The problem is actually long long...
thanks for the great contest
I solved problem G 10 minutes after the contest ended
how to solve G? i know i have to use SGT,but im stuck what to store in the SGT
distance from index $$$i$$$ to the index $$$j$$$ which is the first index where $$$a[j]/a[i] \ge 2$$$
Can u please elaborate ur approach
https://atcoder.jp/contests/abc388/submissions/61610027
Why E and G have (basically) same statements but different constraints? I solved G first, then got RE on E because of keeping the size of arrays $$$2\times10^5$$$...
Problem F and G are good
In D first make every element give to its right and take it from left, some values will be negative now then just iterate and every negative value a tells to reduce 1 from last a elements. ex 2 9 1 2 0 4 6 7 1 5 make it -7 2 -4 -1 -1 5 9 12 8 14 then first make last 7 elements reduce by 1-> 0 2 -4 -2 -2 4 8 11 7 13 now for 2 do nothing now for -4 make last 4 elements reduce by 1 and same until last index it gives correct answer but i am not getting how to implement this in linear time, try to help
let me rephrase the problem to make explanation easy
there are $$$n$$$ person
let person $$$i$$$ has $$$x$$$ coins
person $$$i$$$ will give his coins from person $$$i$$$ to $$$i + a[i]$$$
consider an array $$$b$$$
do $$$b[i + 1] += 1$$$ and $$$b[i + x + 1] -= 1$$$
now we can calculate $$$x$$$ (coins of person $$$i$$$) $$$ = a[i] + b[1] + b[2]..b[i]$$$
$$$b[i] + b[2]..b[i]$$$ $$$=$$$ $$$prefb[i]$$$
for better understanding you can search scanline technique.

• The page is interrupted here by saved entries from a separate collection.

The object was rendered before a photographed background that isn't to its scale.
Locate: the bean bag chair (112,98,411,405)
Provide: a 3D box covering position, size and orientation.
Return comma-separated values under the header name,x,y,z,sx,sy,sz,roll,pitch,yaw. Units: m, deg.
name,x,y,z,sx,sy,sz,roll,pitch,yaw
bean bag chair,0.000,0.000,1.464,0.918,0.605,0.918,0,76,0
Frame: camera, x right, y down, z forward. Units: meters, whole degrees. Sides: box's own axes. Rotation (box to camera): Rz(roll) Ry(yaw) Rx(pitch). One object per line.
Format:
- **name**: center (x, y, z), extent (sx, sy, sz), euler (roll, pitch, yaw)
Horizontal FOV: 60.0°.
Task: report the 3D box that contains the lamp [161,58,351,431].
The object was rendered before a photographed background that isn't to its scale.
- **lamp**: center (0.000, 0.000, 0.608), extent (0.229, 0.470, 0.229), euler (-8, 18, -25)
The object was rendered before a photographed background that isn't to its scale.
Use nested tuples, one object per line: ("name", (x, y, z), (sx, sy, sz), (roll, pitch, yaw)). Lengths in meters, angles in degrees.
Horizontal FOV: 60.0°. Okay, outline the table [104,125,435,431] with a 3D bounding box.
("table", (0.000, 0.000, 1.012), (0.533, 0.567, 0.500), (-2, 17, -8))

Thanks I got this approach my comment was to know how my approach would be implemented
can anyone explain in G why are we checking for the max value of j- i; such that a[j]>=2*a[i] and j>i? i came across one explanation that said that L+K−1+(max(j-i) for all i<L+mid and i>=L) <=R, but why is it so?
from range $$$L..R$$$ we can choose on $$$k$$$ pairs if and only if
for each $$$i$$$ from $$$L$$$ to $$$L + k - 1$$$
$$$2 * a[i] <= a[R - (L - i)]$$$ holds, that is if we can make pairs from first $$$k$$$ elements to last $$$k$$$ elements
let $$$j$$$ be the nearest index to $$$i$$$ such that $$$2 * a[i] <= a[j]$$$
so we can choose $$$k$$$ pairs if for all $$$i$$$ in $$$L..L + k - 1$$$
$$$j <= R - (L - i)$$$ holds
$$$j - i <= R - L$$$
$$$max(j - i)$$$ for all $$$i$$$ should be $$$<= R - L$$$
How to solve G?
I think problem F is really a brain storm, and thank you atcoder team for providing such a nice problem!

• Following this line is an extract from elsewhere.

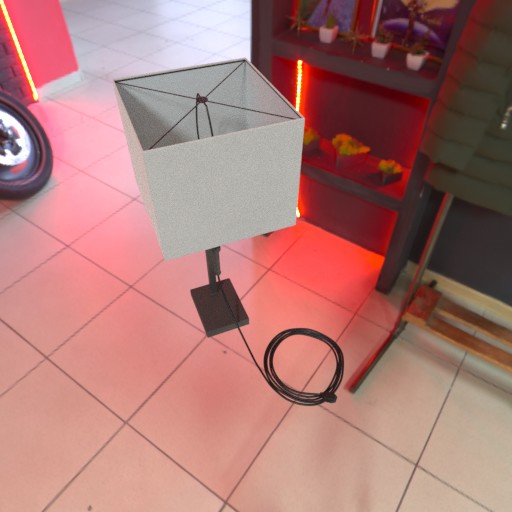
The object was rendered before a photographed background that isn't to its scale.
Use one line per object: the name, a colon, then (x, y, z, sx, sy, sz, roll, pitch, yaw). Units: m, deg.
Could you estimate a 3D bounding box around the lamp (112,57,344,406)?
lamp: (0.000, 0.000, 0.986, 0.399, 0.660, 0.504, -16, 48, -15)

I solved it as follows. I set E = 22, and at first have lvr = [1]. Then, for each given interval [l, r], we first check which points from [l — E, l — 1] can be reached from points belonging to lvr, and this can be done by some simple mathematical computing. We denote these points as xvr. Next, we can use BFS to check which points from [r + 1, r + E] can be reached from xvr. Then, we update lvr according to these points, and move on to the next given interval.
The key idea is that for two given intervals, we only care about some of their neighboring points, at most 22(maybe 20), and for other points, we should deal with them by mathematical computing quickly.
How to check this ?
This can be done as follows. Assume that we have lvr=[lvr[1],lvr[2],..], (remember that lvr has at most E = 22 elements), and for each integer belonging to [l — E, l -1], denoted as y[j], we enumerate every element of lvr, and check whether there is some p, so that, lvr[i] + p * a <= y[j] and y[j] <= lvr[i] + p * b. As long as there is at least one valid value of p, then we can reach y[j].
Problem C with two pointer WA??? :(
atcoder is overrated
Will the english editorials be released for this contest?
Will there be the editorial in english??